Risk Stratification Using Oxygenation in the First 24 Hours of Pediatric Acute Respiratory Distress Syndrome

Affiliations
Observational Study

Risk Stratification Using Oxygenation in the First 24 Hours of Pediatric Acute Respiratory Distress Syndrome

Nadir Yehya et al. Crit Care Med. 2018 Apr.

Abstract

Objective: Oxygenation measured 24 hours after acute respiratory distress syndrome onset more accurately stratifies risk, relative to oxygenation at onset, in both children and adults. However, waiting 24 hours is problematic, especially for interventions that are more efficacious early in the disease course. We aimed to delineate whether oxygenation measured at timepoints earlier than 24 hours would retain predictive validity in pediatric acute respiratory distress syndrome.

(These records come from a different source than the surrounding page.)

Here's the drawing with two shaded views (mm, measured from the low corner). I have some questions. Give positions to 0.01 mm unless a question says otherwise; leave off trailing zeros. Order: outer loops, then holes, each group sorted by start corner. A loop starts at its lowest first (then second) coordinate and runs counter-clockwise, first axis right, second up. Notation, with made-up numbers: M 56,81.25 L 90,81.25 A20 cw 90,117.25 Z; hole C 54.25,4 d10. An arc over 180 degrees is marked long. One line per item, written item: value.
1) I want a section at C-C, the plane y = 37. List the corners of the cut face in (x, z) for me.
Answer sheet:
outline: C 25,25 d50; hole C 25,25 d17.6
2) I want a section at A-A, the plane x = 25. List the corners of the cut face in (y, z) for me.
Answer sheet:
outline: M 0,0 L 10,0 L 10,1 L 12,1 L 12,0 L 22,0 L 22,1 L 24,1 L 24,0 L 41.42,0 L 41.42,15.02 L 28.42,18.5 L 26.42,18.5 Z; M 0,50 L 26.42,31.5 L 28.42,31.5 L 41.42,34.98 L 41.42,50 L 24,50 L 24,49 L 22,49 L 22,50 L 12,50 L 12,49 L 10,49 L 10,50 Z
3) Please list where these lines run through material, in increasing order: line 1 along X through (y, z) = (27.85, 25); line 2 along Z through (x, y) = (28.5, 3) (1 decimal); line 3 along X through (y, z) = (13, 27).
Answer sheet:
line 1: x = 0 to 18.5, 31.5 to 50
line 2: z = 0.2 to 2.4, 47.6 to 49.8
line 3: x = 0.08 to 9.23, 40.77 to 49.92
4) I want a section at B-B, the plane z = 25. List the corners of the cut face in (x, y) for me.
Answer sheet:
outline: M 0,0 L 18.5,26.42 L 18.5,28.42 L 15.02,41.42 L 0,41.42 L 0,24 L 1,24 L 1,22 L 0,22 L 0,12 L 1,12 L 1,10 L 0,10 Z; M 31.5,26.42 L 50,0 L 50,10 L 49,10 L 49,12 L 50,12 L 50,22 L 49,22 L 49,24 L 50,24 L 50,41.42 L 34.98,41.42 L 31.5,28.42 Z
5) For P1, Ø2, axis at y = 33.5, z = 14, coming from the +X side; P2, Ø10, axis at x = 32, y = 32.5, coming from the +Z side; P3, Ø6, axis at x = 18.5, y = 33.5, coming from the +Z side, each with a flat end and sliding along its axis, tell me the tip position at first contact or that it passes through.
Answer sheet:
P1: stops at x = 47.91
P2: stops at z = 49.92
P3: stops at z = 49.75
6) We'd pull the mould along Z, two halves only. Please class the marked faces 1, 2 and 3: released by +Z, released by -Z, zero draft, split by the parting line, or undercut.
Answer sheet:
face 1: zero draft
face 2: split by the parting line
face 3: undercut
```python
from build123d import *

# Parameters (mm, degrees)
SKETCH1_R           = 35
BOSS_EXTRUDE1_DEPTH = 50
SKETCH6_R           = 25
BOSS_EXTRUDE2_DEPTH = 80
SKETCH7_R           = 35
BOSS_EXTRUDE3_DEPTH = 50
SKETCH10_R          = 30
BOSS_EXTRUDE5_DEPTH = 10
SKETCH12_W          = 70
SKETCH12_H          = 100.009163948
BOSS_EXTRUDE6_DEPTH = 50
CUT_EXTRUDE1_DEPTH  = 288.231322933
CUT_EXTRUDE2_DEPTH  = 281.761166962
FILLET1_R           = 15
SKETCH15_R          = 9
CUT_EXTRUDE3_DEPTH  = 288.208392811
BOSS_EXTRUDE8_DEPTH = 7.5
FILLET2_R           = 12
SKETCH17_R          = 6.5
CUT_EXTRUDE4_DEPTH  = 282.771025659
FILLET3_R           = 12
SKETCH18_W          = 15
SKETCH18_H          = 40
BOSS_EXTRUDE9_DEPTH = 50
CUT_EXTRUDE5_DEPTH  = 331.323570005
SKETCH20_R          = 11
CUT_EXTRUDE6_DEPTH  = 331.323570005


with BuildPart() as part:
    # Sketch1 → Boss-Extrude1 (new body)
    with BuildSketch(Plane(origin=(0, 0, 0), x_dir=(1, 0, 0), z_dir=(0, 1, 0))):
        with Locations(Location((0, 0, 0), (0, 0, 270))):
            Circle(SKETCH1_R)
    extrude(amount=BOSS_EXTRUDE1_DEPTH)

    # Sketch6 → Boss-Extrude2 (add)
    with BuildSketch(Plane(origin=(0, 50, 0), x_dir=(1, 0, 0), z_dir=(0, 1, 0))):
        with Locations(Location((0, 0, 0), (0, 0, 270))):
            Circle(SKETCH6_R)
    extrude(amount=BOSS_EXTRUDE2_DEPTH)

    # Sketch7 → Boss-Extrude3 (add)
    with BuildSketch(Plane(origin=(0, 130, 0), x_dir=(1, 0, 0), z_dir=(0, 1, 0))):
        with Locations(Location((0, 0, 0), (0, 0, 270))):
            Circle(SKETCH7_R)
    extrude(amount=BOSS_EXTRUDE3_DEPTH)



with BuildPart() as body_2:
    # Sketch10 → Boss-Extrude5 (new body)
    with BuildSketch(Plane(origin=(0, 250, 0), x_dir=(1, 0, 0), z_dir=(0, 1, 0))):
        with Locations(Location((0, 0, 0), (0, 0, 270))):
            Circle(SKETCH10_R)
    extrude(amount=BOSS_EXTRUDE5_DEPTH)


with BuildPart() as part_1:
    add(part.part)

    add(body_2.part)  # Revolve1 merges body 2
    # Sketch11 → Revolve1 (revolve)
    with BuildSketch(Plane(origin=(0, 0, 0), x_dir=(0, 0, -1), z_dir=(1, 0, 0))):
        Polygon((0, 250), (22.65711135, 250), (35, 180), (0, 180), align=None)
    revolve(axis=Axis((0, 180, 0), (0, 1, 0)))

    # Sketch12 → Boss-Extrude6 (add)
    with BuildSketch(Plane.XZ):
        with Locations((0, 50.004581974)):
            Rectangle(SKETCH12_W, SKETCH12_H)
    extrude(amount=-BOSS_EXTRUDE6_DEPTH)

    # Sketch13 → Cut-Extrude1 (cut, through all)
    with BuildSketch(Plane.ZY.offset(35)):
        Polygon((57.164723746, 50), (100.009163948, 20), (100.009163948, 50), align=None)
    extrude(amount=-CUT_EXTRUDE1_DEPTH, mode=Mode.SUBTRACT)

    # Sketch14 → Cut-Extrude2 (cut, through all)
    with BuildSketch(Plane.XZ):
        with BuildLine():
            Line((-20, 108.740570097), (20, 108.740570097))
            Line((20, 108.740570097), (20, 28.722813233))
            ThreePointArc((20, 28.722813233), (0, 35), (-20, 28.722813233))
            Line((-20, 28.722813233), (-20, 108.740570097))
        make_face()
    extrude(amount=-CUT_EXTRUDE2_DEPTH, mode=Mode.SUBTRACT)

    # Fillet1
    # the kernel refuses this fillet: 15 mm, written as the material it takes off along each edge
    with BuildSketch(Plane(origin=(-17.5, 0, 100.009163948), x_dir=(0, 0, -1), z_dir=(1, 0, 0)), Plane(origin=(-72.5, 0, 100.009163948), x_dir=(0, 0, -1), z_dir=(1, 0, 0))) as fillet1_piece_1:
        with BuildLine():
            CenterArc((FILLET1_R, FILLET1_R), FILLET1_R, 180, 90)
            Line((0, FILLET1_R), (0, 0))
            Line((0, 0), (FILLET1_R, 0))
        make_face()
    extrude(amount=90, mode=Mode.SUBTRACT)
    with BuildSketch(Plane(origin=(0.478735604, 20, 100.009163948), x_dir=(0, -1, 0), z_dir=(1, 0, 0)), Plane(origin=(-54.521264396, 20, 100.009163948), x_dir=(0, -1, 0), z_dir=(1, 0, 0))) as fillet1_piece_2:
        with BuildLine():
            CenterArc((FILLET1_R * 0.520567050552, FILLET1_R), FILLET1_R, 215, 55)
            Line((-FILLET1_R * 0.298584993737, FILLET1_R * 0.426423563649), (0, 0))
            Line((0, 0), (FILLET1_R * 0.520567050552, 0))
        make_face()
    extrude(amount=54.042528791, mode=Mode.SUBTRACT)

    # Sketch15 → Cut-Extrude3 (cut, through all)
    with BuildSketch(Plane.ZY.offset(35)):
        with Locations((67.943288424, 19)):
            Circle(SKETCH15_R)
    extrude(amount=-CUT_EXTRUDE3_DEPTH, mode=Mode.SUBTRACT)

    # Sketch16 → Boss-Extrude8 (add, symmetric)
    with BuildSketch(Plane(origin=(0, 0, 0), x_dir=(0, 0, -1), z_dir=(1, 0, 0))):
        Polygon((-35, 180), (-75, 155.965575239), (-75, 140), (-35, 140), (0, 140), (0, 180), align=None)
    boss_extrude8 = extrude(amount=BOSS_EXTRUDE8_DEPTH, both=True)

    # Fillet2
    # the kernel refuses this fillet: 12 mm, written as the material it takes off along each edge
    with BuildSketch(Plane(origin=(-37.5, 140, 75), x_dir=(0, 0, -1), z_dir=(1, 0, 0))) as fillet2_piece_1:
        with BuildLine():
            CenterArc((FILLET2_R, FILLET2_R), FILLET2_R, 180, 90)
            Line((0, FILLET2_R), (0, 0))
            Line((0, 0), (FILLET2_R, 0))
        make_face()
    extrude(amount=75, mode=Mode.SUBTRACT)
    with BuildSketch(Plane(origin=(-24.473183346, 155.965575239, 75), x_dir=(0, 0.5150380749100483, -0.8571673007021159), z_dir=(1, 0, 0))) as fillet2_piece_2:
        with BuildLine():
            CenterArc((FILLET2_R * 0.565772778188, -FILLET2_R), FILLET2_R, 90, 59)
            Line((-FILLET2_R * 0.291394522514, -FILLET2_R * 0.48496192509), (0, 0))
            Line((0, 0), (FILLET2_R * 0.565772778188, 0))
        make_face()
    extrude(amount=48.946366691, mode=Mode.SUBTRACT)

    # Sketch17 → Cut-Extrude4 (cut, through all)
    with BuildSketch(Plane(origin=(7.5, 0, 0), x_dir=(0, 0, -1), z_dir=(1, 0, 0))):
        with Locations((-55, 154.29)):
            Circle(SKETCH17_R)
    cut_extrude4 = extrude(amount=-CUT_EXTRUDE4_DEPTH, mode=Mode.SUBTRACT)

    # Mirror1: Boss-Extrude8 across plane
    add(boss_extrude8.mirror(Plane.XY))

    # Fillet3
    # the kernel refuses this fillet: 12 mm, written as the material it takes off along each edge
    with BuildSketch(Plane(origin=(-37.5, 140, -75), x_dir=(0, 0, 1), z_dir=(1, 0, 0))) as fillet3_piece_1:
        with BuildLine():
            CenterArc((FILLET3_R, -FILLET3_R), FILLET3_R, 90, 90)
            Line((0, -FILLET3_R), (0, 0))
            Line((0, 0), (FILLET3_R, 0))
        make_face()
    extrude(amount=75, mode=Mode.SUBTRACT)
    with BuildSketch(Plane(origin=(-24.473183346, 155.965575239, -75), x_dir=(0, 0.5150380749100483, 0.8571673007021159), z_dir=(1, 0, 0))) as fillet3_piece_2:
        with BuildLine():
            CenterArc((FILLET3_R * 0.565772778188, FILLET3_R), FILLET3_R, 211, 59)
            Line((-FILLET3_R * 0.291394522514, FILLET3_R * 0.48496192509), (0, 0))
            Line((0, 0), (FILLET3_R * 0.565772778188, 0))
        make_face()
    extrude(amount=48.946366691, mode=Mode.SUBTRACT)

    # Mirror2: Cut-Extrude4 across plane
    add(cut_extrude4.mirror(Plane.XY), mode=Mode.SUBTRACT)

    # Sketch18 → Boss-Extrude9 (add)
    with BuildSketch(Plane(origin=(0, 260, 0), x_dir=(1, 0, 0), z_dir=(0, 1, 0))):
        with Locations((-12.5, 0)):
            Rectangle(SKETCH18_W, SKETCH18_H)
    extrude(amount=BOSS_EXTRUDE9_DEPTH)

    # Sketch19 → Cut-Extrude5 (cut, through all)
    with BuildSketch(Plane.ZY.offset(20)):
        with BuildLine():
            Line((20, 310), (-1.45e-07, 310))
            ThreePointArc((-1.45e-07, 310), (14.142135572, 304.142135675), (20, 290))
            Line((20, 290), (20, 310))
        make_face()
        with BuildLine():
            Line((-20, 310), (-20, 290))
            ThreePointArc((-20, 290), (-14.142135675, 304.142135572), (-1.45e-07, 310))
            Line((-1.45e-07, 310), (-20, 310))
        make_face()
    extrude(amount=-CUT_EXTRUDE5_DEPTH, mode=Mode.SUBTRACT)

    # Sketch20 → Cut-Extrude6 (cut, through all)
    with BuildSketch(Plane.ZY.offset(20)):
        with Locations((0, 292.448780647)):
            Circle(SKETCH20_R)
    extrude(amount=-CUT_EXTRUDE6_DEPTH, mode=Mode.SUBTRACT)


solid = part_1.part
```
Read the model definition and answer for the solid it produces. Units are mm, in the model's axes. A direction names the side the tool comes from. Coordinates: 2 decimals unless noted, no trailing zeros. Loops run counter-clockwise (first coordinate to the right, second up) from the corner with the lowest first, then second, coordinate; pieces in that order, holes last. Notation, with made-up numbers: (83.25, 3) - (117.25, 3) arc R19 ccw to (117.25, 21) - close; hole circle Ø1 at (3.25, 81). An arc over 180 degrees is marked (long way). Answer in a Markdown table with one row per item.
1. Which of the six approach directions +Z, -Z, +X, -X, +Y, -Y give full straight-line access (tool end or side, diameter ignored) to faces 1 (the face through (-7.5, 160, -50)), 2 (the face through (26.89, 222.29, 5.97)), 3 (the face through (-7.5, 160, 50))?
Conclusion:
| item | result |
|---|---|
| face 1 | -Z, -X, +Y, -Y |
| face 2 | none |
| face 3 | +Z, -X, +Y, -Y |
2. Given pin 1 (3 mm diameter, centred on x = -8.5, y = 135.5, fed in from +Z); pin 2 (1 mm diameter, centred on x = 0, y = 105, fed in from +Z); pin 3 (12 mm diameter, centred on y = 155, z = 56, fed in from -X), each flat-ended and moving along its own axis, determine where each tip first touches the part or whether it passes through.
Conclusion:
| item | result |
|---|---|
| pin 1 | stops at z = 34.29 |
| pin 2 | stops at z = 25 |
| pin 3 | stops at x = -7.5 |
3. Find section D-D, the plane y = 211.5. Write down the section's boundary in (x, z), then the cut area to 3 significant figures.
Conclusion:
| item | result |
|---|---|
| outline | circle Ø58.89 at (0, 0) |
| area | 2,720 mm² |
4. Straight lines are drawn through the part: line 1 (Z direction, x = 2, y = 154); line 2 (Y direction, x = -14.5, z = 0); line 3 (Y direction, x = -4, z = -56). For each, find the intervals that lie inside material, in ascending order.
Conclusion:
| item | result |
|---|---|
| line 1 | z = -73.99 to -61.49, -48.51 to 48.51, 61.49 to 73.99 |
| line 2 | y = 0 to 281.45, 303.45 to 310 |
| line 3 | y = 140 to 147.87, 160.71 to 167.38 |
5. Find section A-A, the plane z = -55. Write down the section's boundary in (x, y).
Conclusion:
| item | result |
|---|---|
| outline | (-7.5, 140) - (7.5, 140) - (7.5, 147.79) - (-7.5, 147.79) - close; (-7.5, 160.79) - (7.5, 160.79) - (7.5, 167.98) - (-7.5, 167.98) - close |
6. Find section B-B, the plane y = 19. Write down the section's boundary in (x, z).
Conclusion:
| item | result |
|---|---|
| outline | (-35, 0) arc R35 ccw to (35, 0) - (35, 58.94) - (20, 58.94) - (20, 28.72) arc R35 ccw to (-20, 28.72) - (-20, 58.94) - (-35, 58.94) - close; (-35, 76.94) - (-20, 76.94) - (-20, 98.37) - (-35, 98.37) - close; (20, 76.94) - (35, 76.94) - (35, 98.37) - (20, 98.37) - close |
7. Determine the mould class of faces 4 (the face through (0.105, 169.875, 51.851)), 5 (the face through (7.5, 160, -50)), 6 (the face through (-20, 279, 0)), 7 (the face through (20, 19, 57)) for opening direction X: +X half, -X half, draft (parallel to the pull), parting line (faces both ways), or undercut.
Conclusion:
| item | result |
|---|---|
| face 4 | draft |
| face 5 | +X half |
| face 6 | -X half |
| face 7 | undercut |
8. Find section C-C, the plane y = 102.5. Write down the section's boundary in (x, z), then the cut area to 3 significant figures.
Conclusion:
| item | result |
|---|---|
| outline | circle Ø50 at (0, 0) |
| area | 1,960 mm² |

Design: Observational cohort study.

Setting: Two large, academic PICUs.

Patients: Invasively ventilated children with acute respiratory distress syndrome.

Interventions: None.

Measurements and main results: PaO2/FIO2 and oxygenation index (mean airway pressure × FIO2 × 100)/PaO2) were measured at acute respiratory distress syndrome onset, at 6, 12, 18, and 24 hours after in 459 children at the Children's Hospital of Philadelphia. Neither PaO2/FIO2 nor oxygenation index at acute respiratory distress syndrome onset discriminated outcome. Between 6 and 24 hours, both PaO2/FIO2 (area under receiver operating curve for mortality between 0.57 and 0.62; p = 0.049-0.002) and oxygenation index (area under receiver operating curve, 0.60-0.62; p = 0.006-0.001) showed good discrimination and calibration across multiple outcomes, including mortality, ventilator-free days at 28 days, ventilator days in survivors, and probability of extubation, given competing risk of death. The utility of oxygenation at 12 hours was confirmed in an independent cohort from the Children's Hospital of Los Angeles.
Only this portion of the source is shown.